The Great Day of His Wrath-  John Martin 1852

I have been hearing  “the end is coming" since I can remember, but the story of apocalypse is as old as time itself. Whenever we are in crises, prophets arise to interpret unprecedented or shocking events. I suppose if we go back through history, we will find that the bad times were a presage to good times- that what seems like a meltdown of society, of culture, of all that we hold dear, is really a wake-up call to faith, a sign of God’s coming judgment or both.  Jesus even told His disciples, “Take heed, keep on the alert; for you do not know when the appointed time is” (Mk 13:33). 

In these most uncertain times we are finding great cracks in what we thought to be stable, unshakable. We thought we had, for the most part, overcome racial discrimination, only to find we have failed miserably.  We thought our economy could only get better, that our children  would have a better future, and on and on.

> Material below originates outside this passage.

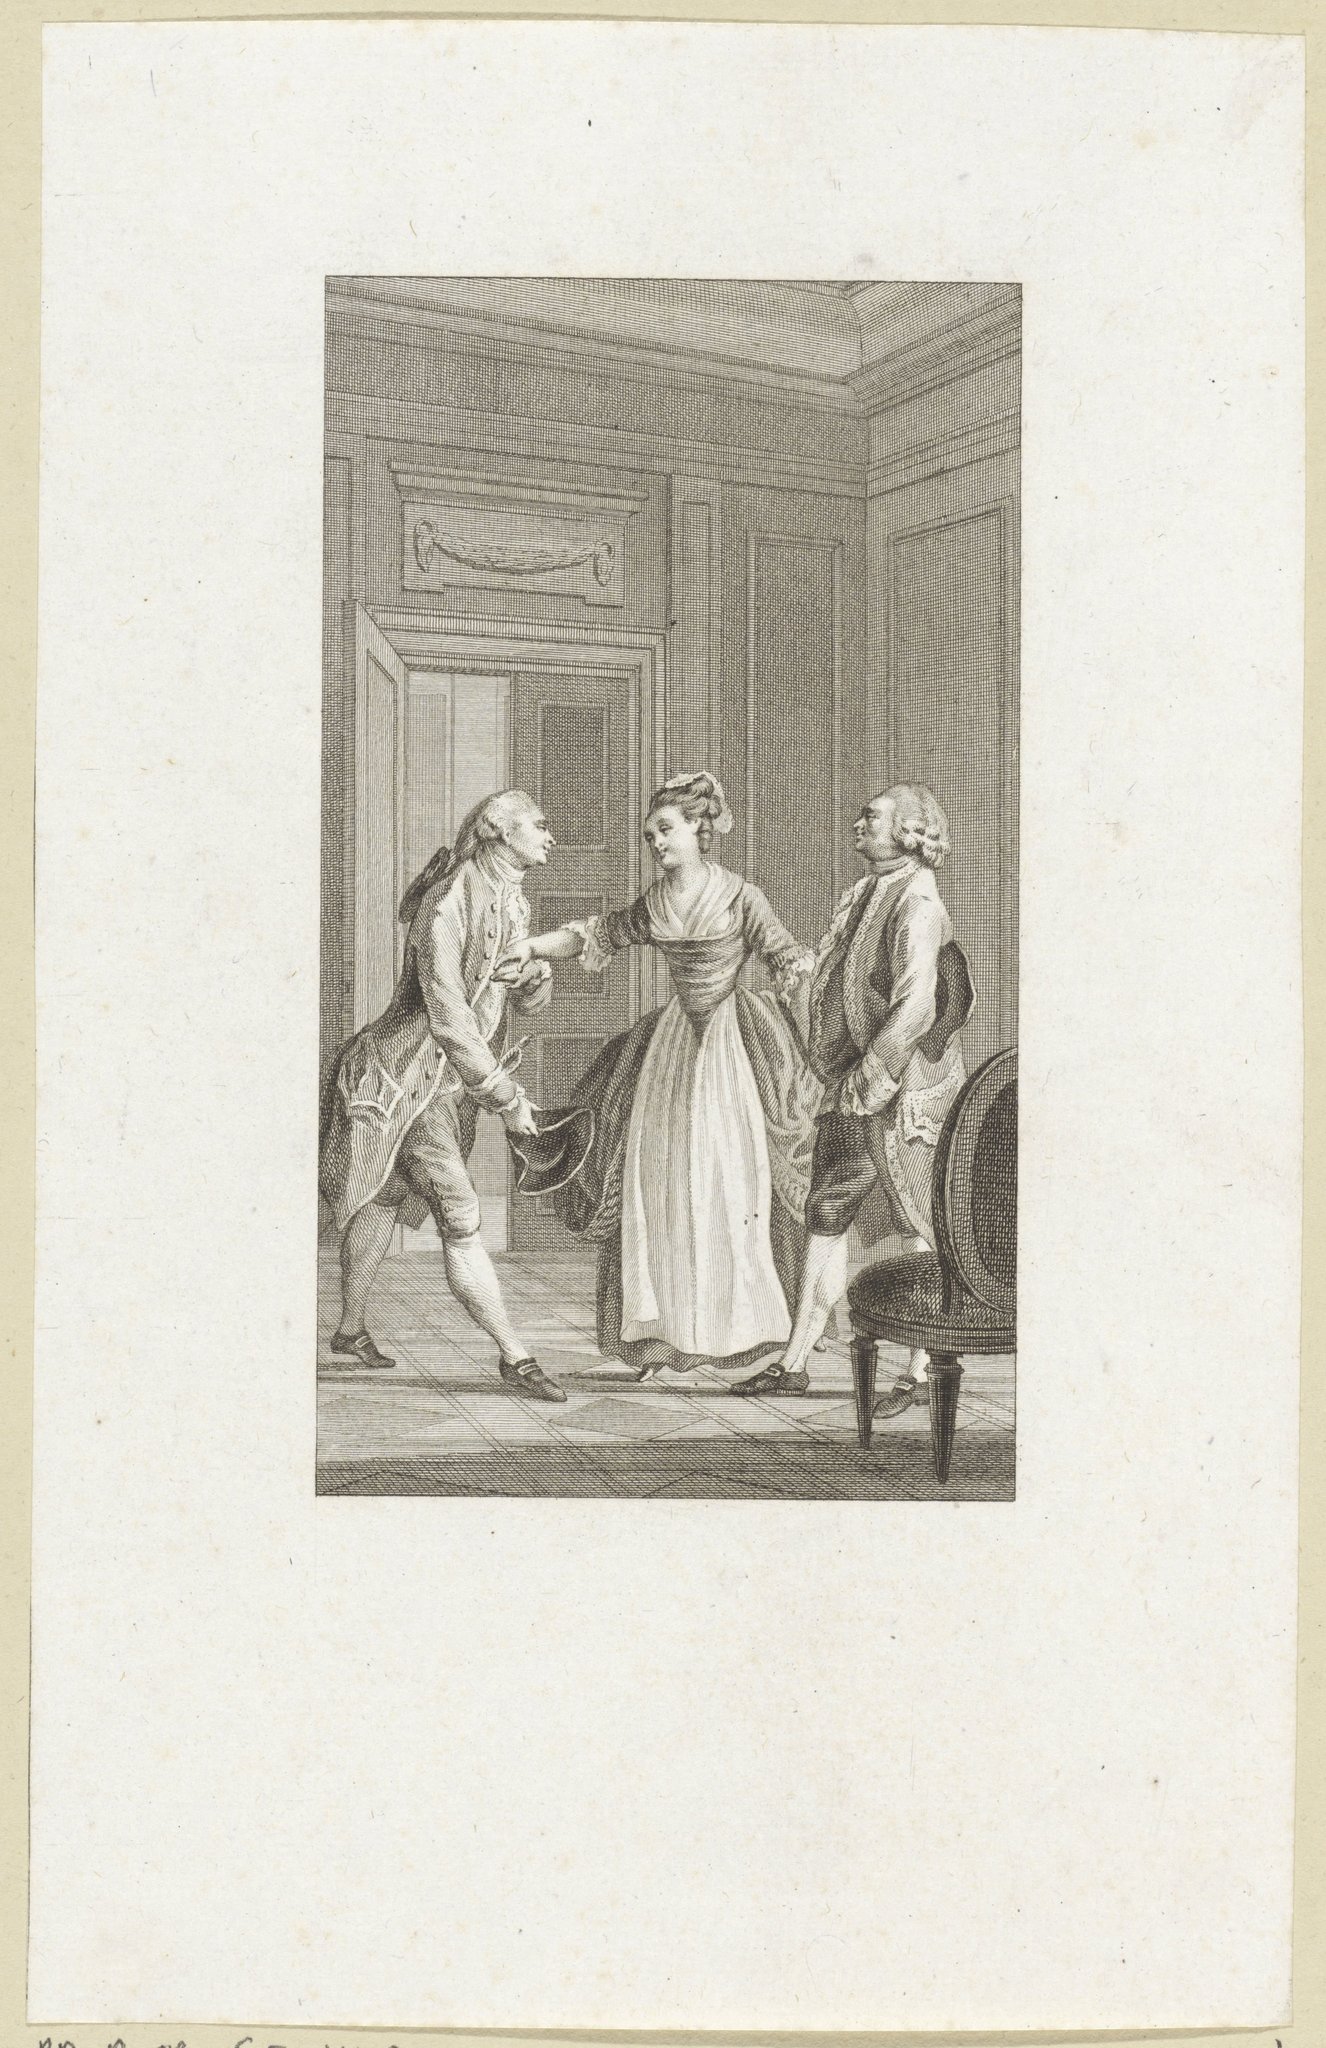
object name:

It seems our whole world, especially our own country, has been turned upside down!  Now we are looking for some sort of "new norm".
Father Rupnik
We know one thing for certain: we do not know what will come next. This uncertainty and lack of foreknowledge must not stop us from  living our lives to the fullest- of finding new ways  to be better- to be holy. The best way is to care for each other and connect in the many ways that we can and through the Eucharist.  While we may ponder the uncertain future, we have the presence of Christ with us in the Eucharist.
Why wait for His coming when He is already here?

We must be grateful for the days that come, no matter how dark or dire they seem to be. We may not be able to celebrate the Mass in church in person, but our every day and every action must become an offering on the spiritual altar of our lives.